The ingested raw-data has been archived under the DAG execution date: ingest-archive

…as well as the previous versions of the data assets: ready-archive (note: we did not include an archival operator for enrollment_summary in the university DAG)

Collected metadata

One of Airtunnel’s additional benefits is, that it extends Airflow’s metadata model with data on load status, ingested raw files and lineage.
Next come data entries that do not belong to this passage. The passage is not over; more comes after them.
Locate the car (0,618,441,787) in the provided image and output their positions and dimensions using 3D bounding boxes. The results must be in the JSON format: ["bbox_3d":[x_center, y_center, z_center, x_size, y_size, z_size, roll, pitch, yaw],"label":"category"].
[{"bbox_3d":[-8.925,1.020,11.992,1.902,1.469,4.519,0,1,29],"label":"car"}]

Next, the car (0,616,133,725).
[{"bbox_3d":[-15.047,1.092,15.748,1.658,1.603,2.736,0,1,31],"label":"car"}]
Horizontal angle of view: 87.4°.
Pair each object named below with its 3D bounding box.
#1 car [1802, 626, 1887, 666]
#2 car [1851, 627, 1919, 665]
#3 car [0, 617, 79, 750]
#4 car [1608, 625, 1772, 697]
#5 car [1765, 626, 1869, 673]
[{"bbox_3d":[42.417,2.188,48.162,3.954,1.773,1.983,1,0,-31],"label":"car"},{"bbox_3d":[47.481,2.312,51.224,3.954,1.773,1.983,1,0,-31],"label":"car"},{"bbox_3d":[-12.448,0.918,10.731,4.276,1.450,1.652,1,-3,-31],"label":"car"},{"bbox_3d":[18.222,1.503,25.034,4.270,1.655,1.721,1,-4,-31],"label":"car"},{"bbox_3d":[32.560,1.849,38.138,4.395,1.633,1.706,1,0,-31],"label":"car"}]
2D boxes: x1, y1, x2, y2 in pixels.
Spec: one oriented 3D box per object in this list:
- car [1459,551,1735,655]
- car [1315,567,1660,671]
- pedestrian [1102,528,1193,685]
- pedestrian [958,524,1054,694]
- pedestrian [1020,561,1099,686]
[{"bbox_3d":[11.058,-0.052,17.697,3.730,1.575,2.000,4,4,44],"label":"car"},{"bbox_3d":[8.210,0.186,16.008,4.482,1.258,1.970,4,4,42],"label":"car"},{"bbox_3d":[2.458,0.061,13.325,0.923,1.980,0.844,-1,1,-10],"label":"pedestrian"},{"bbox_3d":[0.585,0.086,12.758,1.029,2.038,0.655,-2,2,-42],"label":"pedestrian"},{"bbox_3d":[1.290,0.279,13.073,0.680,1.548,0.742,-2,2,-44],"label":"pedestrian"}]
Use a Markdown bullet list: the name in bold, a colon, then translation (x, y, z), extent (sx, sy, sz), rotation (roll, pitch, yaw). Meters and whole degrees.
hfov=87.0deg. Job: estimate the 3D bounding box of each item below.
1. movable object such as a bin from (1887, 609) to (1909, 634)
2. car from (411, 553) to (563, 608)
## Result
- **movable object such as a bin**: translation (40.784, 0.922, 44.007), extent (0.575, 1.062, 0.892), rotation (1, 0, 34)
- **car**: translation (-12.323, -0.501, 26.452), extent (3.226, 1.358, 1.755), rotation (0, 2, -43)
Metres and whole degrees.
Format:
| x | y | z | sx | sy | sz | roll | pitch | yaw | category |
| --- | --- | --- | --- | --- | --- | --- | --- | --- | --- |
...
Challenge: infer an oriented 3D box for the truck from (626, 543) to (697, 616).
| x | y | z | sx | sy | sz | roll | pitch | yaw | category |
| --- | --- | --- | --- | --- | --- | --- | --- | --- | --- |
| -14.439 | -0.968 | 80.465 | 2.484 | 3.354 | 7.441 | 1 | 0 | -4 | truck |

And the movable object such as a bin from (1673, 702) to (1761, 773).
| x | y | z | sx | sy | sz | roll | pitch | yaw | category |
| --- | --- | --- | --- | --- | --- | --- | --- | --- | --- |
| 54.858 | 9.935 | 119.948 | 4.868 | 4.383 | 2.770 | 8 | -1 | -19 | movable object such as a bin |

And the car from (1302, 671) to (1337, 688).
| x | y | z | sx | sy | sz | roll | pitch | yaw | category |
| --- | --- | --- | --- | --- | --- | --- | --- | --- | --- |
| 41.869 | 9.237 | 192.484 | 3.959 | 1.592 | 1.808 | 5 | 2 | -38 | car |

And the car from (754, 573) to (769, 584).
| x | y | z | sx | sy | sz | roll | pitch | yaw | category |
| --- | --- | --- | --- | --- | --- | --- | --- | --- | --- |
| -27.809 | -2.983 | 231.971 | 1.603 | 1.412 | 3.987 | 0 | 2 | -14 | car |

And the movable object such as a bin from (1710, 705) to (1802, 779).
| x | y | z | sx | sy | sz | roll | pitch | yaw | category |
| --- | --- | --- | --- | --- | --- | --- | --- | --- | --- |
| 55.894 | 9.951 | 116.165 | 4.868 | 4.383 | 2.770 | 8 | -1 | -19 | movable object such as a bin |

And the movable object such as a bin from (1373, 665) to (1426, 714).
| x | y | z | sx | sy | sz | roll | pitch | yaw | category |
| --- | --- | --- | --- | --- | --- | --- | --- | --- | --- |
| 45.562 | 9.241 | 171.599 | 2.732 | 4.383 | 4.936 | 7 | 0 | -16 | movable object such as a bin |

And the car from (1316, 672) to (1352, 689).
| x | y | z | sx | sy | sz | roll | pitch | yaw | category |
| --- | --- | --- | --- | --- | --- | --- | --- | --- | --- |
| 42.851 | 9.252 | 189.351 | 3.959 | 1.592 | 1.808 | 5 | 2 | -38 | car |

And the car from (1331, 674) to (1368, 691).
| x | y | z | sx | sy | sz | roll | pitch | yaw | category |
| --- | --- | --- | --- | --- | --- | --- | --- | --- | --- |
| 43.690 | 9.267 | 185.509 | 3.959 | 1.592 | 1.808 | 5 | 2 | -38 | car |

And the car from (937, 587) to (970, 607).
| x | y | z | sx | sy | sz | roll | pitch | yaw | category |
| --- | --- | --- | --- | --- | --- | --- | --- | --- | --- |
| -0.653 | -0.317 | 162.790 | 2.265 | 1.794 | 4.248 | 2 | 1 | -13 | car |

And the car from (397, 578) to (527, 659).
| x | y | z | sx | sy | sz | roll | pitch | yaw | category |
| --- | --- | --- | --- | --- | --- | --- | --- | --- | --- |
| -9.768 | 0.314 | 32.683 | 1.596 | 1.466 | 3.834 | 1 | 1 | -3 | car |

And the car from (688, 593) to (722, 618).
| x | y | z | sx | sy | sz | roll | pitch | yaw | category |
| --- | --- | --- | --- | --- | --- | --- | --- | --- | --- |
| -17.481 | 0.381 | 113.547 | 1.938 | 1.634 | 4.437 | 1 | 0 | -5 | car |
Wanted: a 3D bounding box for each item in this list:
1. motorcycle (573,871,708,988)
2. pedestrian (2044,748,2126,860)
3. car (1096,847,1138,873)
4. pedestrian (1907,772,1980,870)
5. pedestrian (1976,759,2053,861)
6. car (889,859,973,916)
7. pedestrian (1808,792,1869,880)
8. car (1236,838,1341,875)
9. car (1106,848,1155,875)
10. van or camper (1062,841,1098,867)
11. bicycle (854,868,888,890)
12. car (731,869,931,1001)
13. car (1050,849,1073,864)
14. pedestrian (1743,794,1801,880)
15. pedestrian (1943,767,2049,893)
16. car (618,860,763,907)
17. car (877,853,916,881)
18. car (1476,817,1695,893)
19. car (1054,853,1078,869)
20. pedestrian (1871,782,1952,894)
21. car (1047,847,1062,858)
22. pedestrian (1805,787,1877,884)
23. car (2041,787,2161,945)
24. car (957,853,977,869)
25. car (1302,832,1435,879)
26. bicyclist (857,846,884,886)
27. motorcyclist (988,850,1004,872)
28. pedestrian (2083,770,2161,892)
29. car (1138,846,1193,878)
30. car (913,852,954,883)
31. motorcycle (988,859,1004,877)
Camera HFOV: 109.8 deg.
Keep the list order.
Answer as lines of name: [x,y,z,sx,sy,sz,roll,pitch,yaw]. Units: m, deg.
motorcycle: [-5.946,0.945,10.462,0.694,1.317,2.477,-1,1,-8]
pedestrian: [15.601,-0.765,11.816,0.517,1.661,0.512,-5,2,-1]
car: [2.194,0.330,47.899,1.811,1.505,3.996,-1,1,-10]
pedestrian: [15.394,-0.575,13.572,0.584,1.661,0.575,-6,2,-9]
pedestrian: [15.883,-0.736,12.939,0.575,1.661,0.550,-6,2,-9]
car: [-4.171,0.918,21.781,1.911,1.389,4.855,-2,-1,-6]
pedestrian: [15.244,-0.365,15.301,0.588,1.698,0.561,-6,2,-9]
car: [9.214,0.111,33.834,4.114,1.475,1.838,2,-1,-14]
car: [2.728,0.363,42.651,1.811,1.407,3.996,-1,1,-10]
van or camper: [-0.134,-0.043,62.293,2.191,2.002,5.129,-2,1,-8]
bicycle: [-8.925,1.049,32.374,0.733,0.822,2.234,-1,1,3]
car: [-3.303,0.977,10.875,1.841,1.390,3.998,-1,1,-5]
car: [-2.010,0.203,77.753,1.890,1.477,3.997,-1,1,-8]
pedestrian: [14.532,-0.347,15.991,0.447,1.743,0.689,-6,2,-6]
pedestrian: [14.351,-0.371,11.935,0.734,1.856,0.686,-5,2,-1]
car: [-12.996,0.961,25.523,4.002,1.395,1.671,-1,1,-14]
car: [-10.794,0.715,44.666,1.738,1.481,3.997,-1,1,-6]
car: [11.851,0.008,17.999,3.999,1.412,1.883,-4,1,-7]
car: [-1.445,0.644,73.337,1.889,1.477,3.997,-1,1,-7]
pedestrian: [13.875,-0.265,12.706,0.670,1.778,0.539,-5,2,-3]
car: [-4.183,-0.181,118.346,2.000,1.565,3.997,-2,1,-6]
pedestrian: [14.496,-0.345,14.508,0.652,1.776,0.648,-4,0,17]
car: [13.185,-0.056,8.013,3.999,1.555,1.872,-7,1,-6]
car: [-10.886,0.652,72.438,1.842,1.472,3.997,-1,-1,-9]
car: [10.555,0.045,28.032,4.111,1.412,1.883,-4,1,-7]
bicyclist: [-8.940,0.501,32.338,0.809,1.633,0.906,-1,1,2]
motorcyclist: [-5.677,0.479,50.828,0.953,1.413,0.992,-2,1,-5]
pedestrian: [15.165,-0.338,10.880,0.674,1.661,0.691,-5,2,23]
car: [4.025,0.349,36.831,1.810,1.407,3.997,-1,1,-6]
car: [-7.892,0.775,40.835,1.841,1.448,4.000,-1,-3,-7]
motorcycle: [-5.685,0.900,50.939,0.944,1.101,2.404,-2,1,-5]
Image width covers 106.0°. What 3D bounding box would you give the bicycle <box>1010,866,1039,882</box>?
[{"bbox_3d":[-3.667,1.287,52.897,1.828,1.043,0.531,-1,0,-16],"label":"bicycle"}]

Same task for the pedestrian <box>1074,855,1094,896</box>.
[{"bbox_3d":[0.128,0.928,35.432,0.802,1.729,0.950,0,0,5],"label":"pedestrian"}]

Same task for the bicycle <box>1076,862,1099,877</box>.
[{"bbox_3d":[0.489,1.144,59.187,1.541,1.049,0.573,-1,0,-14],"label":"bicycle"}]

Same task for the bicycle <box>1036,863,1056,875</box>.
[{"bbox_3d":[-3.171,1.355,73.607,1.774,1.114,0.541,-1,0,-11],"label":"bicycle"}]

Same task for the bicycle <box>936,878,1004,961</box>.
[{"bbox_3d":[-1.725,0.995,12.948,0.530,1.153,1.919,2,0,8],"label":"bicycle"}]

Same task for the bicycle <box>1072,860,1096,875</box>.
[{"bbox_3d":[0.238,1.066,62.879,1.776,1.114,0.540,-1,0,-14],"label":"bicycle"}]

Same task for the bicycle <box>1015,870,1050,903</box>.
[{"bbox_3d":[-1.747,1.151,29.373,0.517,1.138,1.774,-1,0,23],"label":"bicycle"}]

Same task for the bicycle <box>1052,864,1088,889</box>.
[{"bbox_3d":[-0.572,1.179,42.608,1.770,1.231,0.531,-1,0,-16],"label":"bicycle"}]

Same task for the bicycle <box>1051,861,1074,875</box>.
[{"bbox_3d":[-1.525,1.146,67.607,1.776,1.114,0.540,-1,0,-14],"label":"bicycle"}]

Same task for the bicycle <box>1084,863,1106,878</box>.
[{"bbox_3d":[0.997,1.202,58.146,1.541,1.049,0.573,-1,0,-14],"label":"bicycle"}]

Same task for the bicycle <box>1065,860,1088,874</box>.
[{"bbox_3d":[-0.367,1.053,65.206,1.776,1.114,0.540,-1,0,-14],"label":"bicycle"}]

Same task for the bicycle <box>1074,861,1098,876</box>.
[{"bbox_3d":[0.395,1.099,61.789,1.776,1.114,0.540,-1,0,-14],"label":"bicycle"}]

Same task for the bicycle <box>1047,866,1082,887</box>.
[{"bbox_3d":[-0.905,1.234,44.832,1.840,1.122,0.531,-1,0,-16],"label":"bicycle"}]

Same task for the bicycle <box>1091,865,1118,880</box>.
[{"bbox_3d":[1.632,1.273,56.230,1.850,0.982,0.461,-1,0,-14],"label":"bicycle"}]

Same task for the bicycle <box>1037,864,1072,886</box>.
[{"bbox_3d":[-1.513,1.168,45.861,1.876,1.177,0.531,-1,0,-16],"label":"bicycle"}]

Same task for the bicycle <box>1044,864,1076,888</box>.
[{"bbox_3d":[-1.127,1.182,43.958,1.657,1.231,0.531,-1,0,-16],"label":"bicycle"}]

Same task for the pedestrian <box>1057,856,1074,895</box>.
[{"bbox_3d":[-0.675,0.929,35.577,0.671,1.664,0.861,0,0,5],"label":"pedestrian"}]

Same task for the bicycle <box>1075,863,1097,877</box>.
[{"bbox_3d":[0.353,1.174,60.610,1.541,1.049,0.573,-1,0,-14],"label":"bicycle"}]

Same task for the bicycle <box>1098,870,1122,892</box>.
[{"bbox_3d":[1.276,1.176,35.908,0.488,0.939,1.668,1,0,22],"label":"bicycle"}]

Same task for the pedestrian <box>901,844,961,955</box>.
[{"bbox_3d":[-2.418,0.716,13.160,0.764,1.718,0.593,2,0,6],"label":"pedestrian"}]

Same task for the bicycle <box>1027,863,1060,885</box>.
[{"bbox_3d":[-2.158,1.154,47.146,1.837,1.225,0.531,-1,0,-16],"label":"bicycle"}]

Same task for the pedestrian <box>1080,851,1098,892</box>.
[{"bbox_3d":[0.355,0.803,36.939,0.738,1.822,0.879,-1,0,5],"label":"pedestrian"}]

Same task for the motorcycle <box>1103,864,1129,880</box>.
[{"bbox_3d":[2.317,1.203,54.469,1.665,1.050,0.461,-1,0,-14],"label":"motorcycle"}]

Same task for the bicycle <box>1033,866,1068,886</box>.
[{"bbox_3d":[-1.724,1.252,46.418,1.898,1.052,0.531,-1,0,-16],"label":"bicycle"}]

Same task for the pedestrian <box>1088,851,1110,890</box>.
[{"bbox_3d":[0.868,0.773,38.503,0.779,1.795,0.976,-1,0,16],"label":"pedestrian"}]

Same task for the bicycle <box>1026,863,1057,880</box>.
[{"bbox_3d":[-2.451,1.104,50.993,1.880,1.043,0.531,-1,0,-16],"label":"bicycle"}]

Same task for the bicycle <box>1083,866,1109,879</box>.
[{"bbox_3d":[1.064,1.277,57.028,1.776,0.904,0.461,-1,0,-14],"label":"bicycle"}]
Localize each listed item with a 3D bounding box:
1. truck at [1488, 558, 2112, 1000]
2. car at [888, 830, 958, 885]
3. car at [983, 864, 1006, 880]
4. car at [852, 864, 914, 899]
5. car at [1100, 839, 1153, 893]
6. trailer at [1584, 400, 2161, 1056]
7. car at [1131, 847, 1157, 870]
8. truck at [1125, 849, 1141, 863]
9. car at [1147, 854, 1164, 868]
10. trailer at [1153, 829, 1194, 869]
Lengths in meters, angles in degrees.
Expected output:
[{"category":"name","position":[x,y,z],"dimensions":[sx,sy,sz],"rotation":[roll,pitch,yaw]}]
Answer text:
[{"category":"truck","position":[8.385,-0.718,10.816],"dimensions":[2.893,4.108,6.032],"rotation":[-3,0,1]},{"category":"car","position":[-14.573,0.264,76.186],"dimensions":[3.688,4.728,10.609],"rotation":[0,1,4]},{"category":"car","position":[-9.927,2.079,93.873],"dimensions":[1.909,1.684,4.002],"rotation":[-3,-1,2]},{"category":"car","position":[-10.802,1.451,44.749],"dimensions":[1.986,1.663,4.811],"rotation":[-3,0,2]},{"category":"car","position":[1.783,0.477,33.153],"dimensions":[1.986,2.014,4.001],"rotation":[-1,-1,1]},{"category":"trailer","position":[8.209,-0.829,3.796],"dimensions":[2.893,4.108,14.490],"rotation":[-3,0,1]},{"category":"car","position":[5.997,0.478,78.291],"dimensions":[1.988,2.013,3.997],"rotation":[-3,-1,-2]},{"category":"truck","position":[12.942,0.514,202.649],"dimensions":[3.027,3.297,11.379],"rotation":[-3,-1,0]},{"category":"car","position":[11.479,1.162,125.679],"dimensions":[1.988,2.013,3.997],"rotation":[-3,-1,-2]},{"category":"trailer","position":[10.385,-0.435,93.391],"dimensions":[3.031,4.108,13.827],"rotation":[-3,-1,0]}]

To retrieve load status, simply do this:

from airtunnel import PandasDataAsset
from airtunnel.metadata.adapter import SQLMetaAdapter

student = PandasDataAsset("student")
adapter = SQLMetaAdapter()
load_status = adapter.read_load_status(student)
print(load_status)

student was loaded at 2019-09-28 18:43:29.306133, from DAG university (2019-09-28 16:38:26.880186) and task student_staging_to_ready

To retrieve ingested files metadata, simply do this:

print(
    adapter.read_inspected_files(
        for_asset=student,
        dag_id=load_status.dag_id,
        dag_exec_date=load_status.dag_exec_date,
    )
)

student has source file: student.csv, of size: 181, created at: 2019-09-28 18:38:39, collected from: DAG: university (2019-09-28 16:38:26.880186) and task id student_ingest

Note, that we pass in the latest execution date that we just pulled from the asset’s load status!

To retrieve the lineage, simply do this:

enrollment_summary = PandasDataAsset("enrollment_summary")
print(adapter.read_lineage(for_target=enrollment_summary))

[(student,programme,enrollment) –> enrollment_summary (DAG: university [2019-09-28 16:38:26.880186], task: enrollment_summary_transform), 0)]

This gets all recursive known ancestors for enrollment_summary, grouped by DAG/task. The ‘0’ from this tuple indicates, that this lineage link is at the very first and only level.

Access to the individual metadata fields is possible through instance properties; not shown for brevity.